Compute Node 3 (product number ON5273M5) is aimed at network function virtualization workloads at hyperscalers, cloud builders, and telecommunications companies, and as such it is a two-socket, three-wide node that has sixteen DIMMs across those two sockets plus two M.2 flash cards, two drive bays (again supporting disk drives or NVM-Express flash drives) and two PCI-Express 3.0 x16 slots.
For disaggregated storage servers, Inspur is opening up its Storage Node design (product ON5266M5), shown above, which is two rack units high and a full rack unit wide that created a JBOD arrays supporting 34 drive bays that can support a mix of disk, flash, and NVM-Express flash drives. This can be used a storage expansion module for compute nodes or as a storage pool for a rack of servers connected to it using SAS switches embedded in the JBOD.
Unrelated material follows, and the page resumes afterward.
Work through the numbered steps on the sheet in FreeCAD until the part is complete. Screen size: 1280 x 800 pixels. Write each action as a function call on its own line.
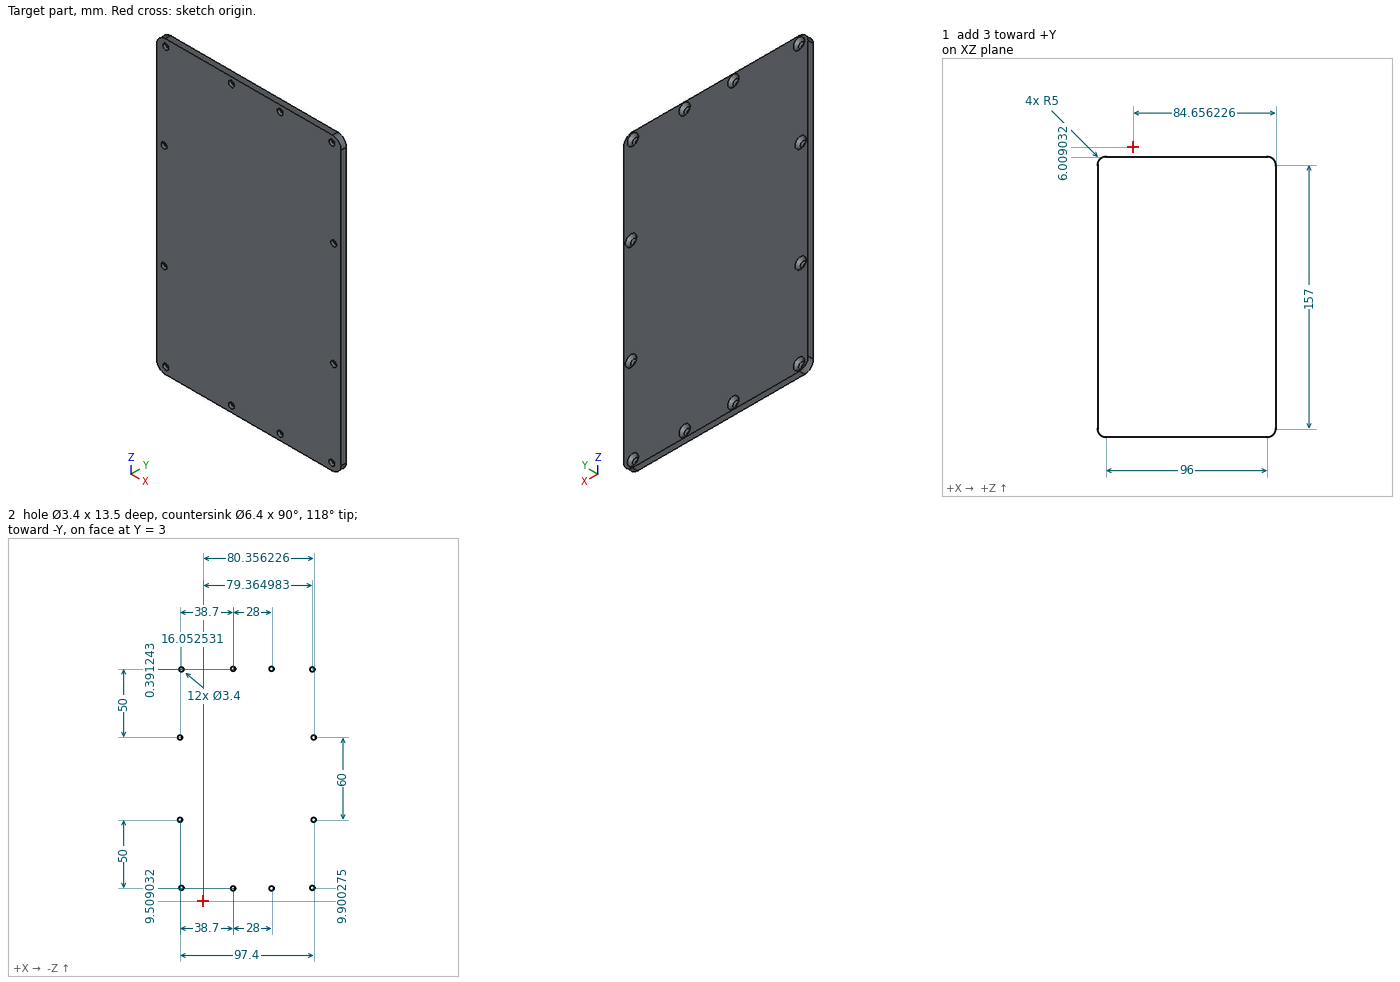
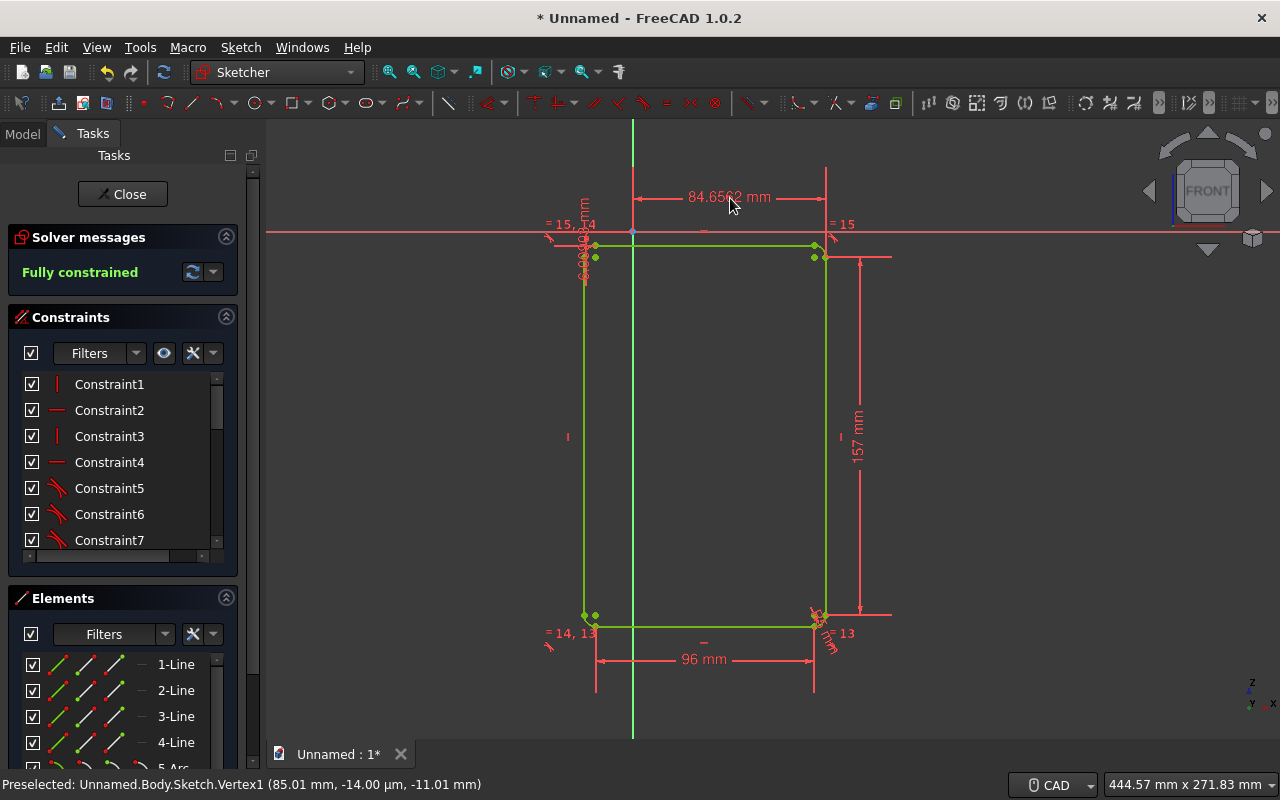
click(123, 194)

That leaves the AI Node (product ON5488M5), shown above, which is a two-socket Skylake server that uses a two-tier PCI-Express switch network to lash the PCI-Express GPUs – sixteen of them – to each other and to the CPU complex. This is a single-wide server that is 4OU high.
This is as much GPU expansion as Nvidia is offering with its DGX-2 system but without having to resort to using NVSwitch. It would be very interesting indeed to pit these two machines against each other and see what the performance and bang for the buck is between them. We have no doubt that the DGX-2 would win on performance, but the Inspur AI Node machine might handily beat it on price/performance, performance per watt, and cost per performance per watt.